The price of a barrel of oil rose globally by more than 1% at the end of trading today, Wednesday, June 7 (2023), in an attempt to compensate for the losses it suffered in the previous session, as fears of a shortage of supplies were overwhelmed after Saudi Arabia, the largest exporter of crude oil, pledged to cut An additional one million barrels per day during next July on weak Chinese export data and high US fuel stocks.
And the US Energy Information Administration raised crude oil price expectations by about 13% during the next year (2024), and strengthened its estimates for the year 2023, after the OPEC + alliance decided to stabilize the supply reduction policy, with an adjustment to the base month through which the production quotas of members of the alliance are calculated, starting from ( 2024).
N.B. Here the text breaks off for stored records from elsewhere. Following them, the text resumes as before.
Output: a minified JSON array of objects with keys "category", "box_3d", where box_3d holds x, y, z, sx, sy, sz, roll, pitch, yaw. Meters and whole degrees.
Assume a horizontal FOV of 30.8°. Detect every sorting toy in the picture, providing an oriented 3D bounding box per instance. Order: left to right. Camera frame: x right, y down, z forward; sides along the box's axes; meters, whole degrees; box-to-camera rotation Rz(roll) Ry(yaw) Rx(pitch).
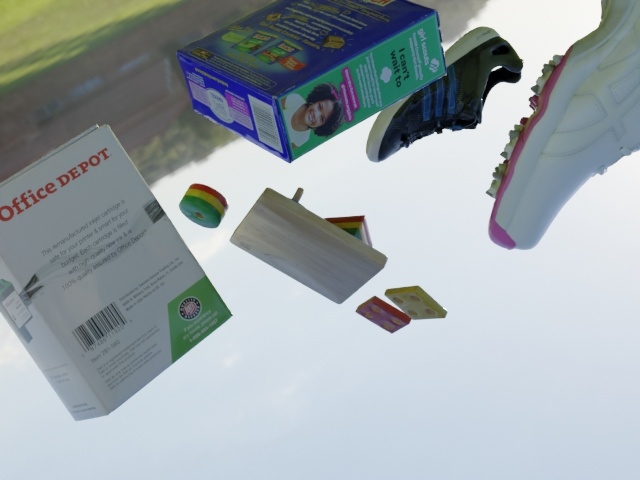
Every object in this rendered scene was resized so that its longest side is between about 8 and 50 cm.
[{"category":"sorting toy","box_3d":[0.000,0.000,1.135,0.046,0.274,0.132,-63,-173,-25]}]

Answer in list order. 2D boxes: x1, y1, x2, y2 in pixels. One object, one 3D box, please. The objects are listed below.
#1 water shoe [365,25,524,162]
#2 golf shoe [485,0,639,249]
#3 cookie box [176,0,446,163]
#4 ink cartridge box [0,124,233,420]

The global price of a barrel of oil today
At the end of the session, benchmark Brent crude futures – August 2023 delivery – rose by 0.9%, to $76.95 a barrel.
At the same time, futures contracts for US West Texas Intermediate crude – delivery July 2023 – increased by 1.1%, to $ 72.53 a barrel, according to figures seen by the specialized energy platform.
And the global price of a barrel of oil had recorded, during trading yesterday, Tuesday, June 6, a decline for the first time in 4 consecutive sessions, giving up the gains it made during recent trading.
Oil price analysis
The two benchmarks jumped more than a dollar last Monday, supported by Saudi Arabia’s decision to cut production by one million barrels per day to 9 million barrels per day in July.
Analyst at Philip Nova, Priyanka Sachdeva, said: “Fears of recession affect the price of a barrel of oil globally, as more and more dismal economic readings indicate a slowdown, keeping a lid on oil prices, which led to the erosion of gains supported by OPEC + moves.”
The OPEC + alliance confirms that its moves do not aim to keep oil prices at certain levels, but rather aim to stabilize the markets in a way that serves the interests of consumers and producers.
US oil stocks
Crude oil inventories in the United States fell by about 0.5 million barrels during the past week, according to the weekly report issued by the US Energy Information Administration.
While gasoline inventories in the United States rose by about 2.7 million barrels, distillate inventories increased by about 5.1 million barrels in the week ending June 2.
The unexpected build-up of inventories raised concerns about fuel consumption by the world’s largest oil consumer, especially as travel demand grew over the Memorial Day weekend.
Meanwhile, the US Energy Information Administration said that US crude oil production this year will rise faster, and that the increase in demand will subside compared to previous expectations.
Oil price forecast
“The market has digested the news of the Saudi production cut, and investors are now reluctant to take a big stance due to the divergent economic outlook and indicators in the US and China,” said Hiroyuki Kikukawa, president of NS Trading, a unit of Nissan Securities.
Chinese official data on Wednesday showed its exports contracted much faster than expected in May and imports fell, albeit at a slower pace, as manufacturers struggled to find demand abroad and domestic consumption remained sluggish.
However, some analysts predicted that Saudi Arabia’s voluntary cut – the largest in the kingdom in years – would set a floor in the price of a barrel of oil globally, although it was unlikely to support a sustainable increase in prices to the high range of the 80s and 90s per barrel.
“We expect the price of a barrel of oil globally to test the upward trend as we enter the summer driving season in the United States,” Kikukawa said.
He added that the tightening of global supply and the plans of the United States to buy crude to refill the strategic oil reserves will limit the downward trend, according to Reuters.